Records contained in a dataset
───

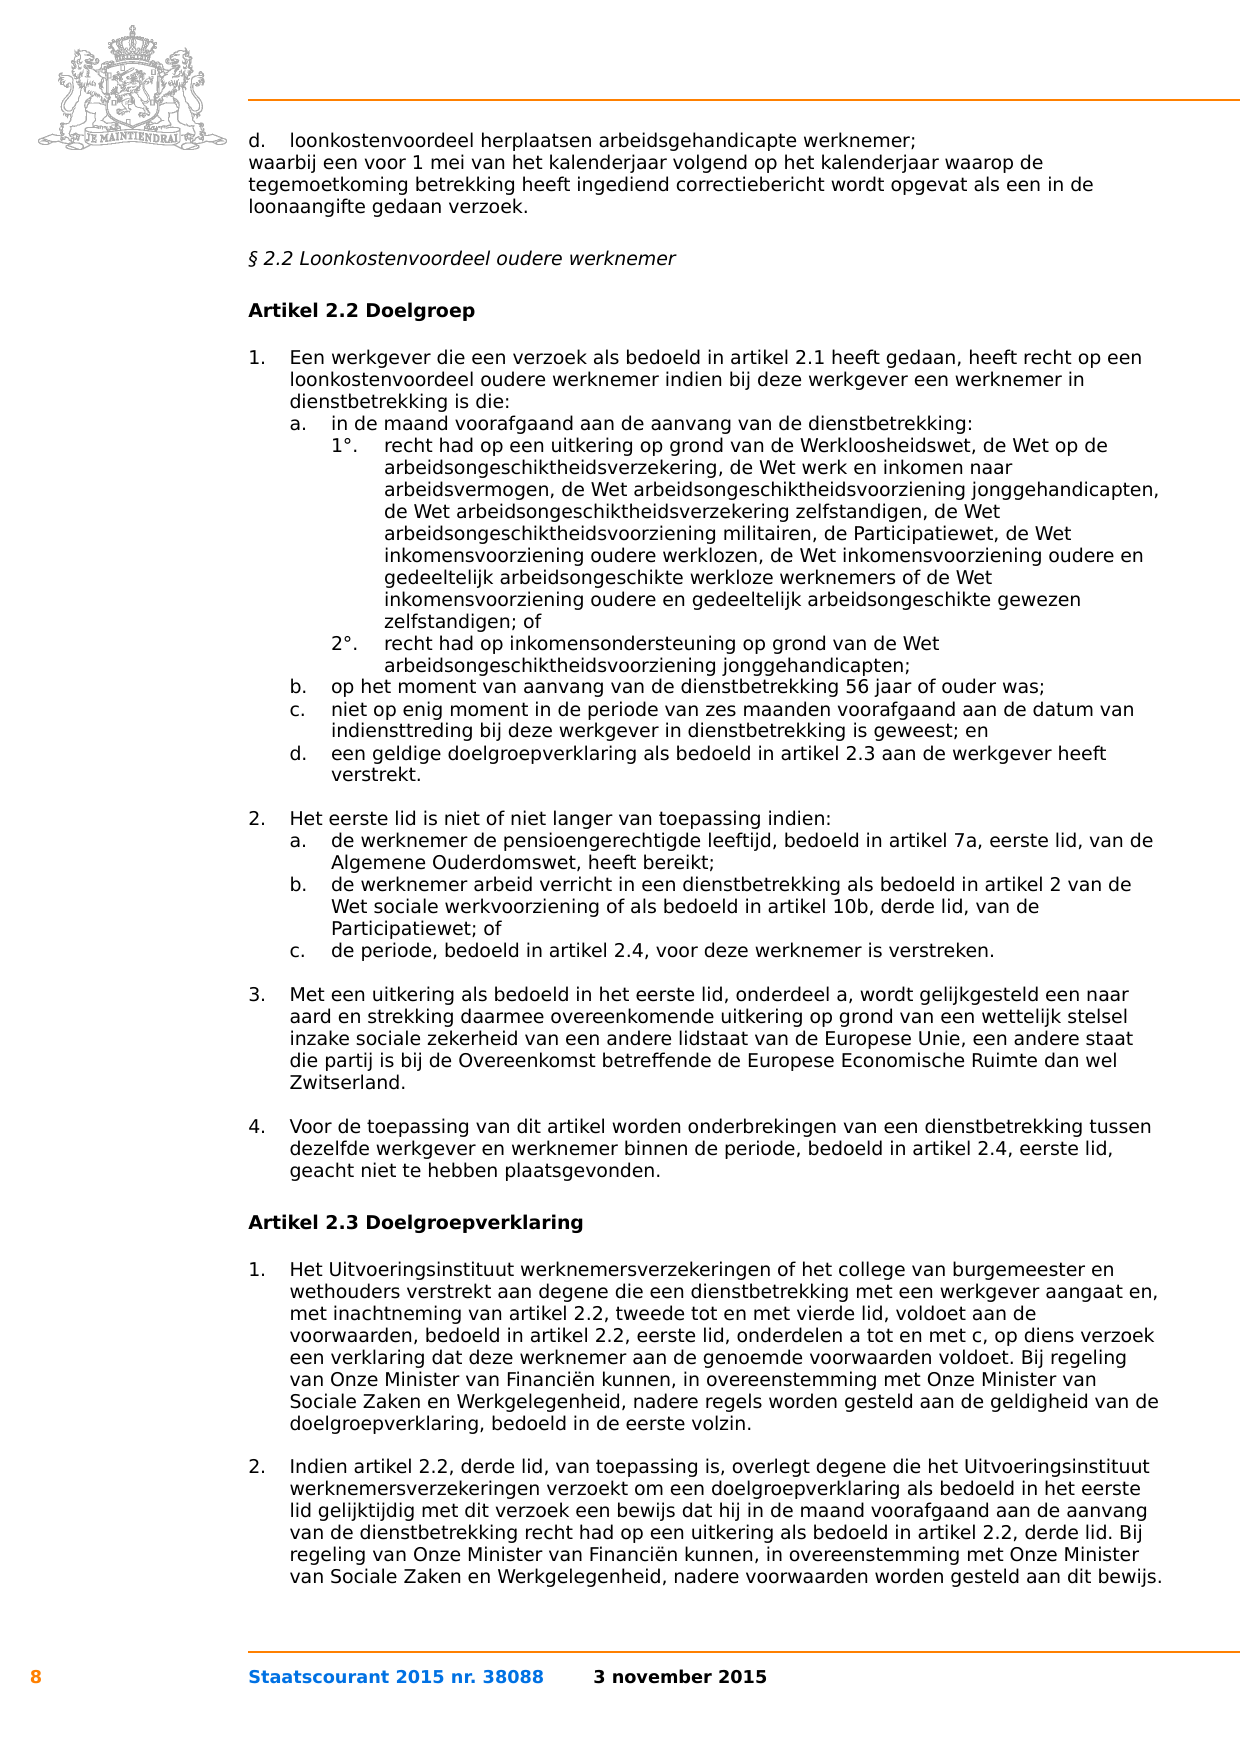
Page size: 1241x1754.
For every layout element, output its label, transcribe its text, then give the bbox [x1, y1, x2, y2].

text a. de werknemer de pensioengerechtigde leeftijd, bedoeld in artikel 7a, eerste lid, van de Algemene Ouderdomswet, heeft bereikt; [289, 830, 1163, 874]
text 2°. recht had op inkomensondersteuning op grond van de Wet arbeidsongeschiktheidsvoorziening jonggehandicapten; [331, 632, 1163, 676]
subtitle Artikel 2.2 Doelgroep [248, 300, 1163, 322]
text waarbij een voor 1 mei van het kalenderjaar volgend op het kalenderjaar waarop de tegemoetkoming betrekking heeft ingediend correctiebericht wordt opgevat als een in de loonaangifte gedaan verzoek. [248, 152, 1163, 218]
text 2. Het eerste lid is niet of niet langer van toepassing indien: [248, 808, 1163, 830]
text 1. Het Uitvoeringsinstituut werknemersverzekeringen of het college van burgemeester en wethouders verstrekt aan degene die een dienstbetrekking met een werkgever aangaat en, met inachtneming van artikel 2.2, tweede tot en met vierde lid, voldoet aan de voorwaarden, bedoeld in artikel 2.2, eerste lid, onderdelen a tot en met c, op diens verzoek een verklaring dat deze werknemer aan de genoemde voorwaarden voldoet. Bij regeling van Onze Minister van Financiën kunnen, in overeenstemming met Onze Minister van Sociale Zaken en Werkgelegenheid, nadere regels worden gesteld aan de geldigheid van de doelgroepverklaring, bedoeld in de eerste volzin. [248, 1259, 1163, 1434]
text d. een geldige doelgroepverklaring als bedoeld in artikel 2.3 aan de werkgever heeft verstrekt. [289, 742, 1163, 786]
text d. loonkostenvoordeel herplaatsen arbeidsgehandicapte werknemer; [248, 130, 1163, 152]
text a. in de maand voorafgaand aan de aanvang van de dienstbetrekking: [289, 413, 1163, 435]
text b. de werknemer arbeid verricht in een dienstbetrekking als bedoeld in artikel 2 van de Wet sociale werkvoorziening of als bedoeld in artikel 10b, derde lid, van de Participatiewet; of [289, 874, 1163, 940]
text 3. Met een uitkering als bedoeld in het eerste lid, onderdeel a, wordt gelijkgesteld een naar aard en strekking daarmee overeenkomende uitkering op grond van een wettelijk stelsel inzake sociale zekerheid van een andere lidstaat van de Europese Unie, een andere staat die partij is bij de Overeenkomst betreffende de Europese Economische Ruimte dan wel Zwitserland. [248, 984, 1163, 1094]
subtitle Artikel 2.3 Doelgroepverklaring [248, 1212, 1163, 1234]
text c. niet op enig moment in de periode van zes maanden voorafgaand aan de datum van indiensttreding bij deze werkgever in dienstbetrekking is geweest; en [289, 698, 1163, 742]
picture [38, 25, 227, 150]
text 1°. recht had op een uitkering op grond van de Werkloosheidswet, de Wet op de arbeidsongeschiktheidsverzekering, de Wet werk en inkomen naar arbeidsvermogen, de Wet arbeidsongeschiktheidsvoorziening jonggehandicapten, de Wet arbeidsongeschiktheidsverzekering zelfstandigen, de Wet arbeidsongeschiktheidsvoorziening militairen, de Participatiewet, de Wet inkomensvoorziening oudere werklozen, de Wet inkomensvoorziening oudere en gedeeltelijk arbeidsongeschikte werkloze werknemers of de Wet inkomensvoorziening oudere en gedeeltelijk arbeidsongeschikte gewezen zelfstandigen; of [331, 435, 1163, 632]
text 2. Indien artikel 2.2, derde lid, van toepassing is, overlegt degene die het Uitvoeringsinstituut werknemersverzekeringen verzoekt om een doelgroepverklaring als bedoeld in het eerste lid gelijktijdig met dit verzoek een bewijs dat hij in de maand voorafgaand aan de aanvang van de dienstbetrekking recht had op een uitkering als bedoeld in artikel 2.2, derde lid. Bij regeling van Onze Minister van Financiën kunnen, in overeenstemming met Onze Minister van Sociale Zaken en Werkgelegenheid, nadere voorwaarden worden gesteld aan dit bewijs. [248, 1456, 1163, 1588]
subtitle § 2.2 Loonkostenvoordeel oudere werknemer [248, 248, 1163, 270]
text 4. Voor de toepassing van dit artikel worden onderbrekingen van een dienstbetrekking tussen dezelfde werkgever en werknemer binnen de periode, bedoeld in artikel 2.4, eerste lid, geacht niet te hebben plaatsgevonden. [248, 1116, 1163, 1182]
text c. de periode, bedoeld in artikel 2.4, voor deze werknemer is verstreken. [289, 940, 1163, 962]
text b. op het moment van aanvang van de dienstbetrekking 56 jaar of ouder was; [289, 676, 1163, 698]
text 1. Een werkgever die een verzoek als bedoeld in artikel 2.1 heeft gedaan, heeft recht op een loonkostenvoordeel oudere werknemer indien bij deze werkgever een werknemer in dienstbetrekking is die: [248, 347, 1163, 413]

───

◆ ACTIVITY
Print once more, exactly, the lines that start at the top of the records above and end at the line with "subtitle Artikel 2.2", skipping all pictures.

◆ REPLY
Page size: 1241x1754.
For every layout element, output its label, transcribe its text, then give the bbox [x1, y1, x2, y2].

text a. de werknemer de pensioengerechtigde leeftijd, bedoeld in artikel 7a, eerste lid, van de Algemene Ouderdomswet, heeft bereikt; [289, 830, 1163, 874]
text 2°. recht had op inkomensondersteuning op grond van de Wet arbeidsongeschiktheidsvoorziening jonggehandicapten; [331, 632, 1163, 676]
subtitle Artikel 2.2 Doelgroep [248, 300, 1163, 322]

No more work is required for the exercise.